** Opening EXCERPTED DATA block **

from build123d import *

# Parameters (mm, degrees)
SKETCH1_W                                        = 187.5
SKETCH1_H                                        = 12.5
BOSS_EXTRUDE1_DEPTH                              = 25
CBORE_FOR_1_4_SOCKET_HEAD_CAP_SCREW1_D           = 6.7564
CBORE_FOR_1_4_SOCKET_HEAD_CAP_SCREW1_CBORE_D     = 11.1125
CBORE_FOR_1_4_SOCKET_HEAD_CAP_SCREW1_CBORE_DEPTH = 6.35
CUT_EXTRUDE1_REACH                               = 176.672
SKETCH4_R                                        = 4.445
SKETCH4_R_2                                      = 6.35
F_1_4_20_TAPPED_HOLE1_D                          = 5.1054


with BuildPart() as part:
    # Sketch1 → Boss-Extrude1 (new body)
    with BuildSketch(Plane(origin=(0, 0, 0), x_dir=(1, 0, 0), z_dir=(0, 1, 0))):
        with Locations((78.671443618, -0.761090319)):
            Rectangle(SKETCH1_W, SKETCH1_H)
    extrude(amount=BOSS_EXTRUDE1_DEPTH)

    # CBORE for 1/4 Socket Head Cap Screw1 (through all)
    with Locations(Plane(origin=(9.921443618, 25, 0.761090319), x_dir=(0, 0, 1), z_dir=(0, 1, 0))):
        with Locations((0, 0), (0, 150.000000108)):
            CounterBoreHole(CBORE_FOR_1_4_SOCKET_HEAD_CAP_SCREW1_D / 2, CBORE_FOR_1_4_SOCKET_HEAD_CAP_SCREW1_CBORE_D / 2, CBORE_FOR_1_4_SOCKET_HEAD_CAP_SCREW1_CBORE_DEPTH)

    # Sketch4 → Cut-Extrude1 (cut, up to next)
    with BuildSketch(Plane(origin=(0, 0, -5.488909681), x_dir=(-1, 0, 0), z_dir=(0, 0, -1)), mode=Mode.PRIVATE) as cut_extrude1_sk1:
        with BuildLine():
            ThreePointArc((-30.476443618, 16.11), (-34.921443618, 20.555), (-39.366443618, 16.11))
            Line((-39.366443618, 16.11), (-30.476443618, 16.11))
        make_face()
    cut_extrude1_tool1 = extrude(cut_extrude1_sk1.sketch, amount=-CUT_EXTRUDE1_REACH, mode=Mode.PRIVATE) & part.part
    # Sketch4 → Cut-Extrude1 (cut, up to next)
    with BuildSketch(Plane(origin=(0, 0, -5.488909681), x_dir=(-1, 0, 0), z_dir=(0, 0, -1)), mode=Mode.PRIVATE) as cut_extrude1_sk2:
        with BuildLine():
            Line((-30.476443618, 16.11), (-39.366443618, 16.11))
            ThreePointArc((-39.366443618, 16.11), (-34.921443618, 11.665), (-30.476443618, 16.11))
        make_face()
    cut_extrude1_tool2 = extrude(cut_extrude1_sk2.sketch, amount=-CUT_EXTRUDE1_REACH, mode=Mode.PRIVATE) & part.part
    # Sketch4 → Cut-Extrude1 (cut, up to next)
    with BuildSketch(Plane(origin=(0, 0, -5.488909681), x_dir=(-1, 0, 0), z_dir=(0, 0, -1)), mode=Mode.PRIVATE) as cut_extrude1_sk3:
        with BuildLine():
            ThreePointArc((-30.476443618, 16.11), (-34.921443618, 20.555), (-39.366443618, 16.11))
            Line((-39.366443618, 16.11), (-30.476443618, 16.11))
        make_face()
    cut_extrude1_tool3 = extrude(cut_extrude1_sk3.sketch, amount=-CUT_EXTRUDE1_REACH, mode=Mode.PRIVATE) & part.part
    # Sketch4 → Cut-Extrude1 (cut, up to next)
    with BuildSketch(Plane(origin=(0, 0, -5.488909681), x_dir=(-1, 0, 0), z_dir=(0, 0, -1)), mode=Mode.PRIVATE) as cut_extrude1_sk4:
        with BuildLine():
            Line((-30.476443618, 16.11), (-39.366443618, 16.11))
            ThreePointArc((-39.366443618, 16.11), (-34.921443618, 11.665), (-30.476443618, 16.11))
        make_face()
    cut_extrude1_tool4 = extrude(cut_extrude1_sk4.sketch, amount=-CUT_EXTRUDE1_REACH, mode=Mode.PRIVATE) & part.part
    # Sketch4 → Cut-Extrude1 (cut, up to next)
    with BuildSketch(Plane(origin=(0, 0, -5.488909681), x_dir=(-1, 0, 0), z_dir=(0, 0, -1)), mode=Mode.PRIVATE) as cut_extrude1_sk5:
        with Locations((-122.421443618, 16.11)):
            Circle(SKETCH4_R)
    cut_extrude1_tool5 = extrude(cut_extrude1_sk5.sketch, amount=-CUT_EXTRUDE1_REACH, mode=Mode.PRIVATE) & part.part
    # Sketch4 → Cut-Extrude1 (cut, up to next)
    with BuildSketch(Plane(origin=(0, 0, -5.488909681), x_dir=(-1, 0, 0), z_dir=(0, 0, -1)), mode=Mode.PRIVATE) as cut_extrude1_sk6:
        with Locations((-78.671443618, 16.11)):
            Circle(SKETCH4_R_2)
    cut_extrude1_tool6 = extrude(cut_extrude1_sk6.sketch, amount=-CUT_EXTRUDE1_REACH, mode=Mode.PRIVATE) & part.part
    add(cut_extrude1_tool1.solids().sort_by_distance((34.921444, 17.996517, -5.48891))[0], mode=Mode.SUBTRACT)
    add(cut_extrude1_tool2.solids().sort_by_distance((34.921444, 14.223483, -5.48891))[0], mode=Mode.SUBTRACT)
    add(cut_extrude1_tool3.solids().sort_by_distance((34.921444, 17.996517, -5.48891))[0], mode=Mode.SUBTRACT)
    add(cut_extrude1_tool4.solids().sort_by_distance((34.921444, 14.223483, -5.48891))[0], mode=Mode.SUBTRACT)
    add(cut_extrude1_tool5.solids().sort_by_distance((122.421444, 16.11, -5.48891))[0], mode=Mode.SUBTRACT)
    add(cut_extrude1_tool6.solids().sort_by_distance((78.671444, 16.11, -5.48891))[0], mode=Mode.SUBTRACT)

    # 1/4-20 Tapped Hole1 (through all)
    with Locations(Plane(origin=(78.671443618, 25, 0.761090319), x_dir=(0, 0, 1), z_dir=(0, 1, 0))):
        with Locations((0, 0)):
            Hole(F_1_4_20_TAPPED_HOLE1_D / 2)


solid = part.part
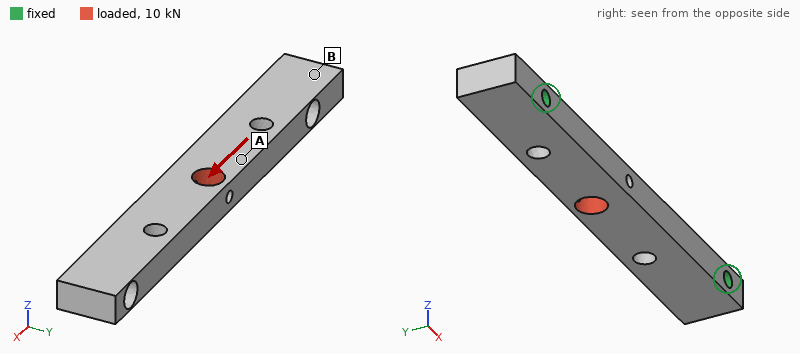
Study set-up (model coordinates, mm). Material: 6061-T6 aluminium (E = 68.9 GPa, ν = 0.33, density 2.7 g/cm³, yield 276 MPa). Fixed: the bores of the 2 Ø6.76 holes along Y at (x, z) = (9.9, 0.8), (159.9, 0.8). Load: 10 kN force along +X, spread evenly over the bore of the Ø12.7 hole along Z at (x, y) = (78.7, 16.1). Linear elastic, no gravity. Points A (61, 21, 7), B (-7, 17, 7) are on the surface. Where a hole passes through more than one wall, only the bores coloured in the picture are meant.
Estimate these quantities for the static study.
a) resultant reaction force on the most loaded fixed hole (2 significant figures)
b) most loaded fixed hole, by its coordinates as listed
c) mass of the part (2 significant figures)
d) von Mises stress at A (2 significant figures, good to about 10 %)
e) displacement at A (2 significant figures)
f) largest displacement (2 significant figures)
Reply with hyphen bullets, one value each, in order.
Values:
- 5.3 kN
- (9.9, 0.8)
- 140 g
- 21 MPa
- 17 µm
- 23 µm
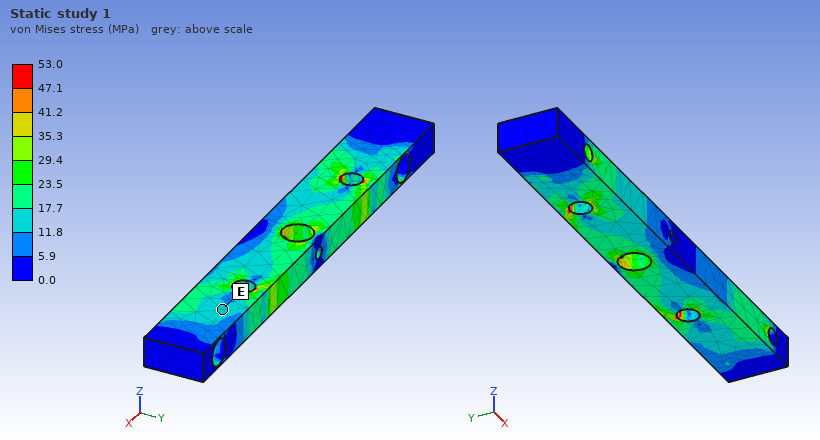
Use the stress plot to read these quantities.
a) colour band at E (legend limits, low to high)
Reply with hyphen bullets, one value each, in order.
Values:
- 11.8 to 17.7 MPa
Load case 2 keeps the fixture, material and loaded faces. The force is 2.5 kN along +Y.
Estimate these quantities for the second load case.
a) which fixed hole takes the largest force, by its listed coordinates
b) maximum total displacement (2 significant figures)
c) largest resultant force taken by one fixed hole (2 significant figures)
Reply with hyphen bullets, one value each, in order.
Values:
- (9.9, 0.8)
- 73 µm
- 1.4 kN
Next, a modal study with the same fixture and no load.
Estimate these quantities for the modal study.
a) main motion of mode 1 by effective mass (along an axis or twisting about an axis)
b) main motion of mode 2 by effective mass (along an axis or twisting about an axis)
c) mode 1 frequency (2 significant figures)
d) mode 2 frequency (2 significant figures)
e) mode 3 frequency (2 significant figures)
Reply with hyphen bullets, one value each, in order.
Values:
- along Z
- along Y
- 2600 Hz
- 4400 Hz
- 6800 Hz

** Closing EXCERPTED DATA block **
** Opening EXCERPTED DATA block **

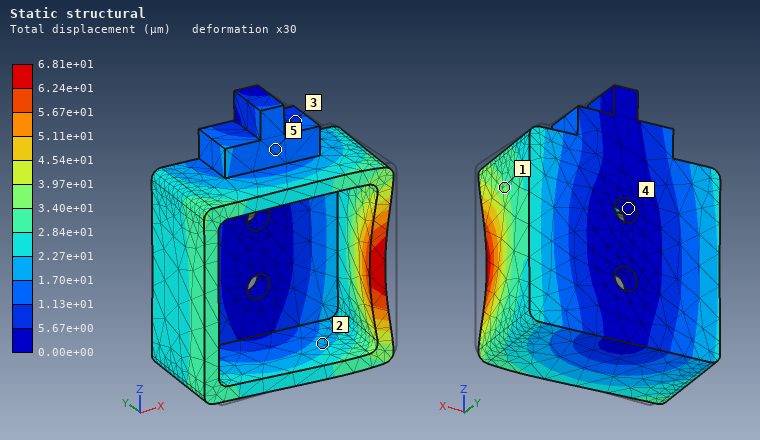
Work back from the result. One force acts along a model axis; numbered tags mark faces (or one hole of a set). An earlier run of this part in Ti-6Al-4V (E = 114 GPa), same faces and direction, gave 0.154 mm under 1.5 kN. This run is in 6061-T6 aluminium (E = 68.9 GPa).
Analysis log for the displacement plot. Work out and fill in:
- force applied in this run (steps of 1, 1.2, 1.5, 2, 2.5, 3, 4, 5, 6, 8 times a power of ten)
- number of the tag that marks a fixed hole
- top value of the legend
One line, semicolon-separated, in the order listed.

** Closing EXCERPTED DATA block **

-- WHAT IS REQUIRED --
Return a copy of every line in the records that includes the string "mass".

-- WRITTEN RESPONSE --
c) mass of the part (2 significant figures)
a) main motion of mode 1 by effective mass (along an axis or twisting about an axis)
b) main motion of mode 2 by effective mass (along an axis or twisting about an axis)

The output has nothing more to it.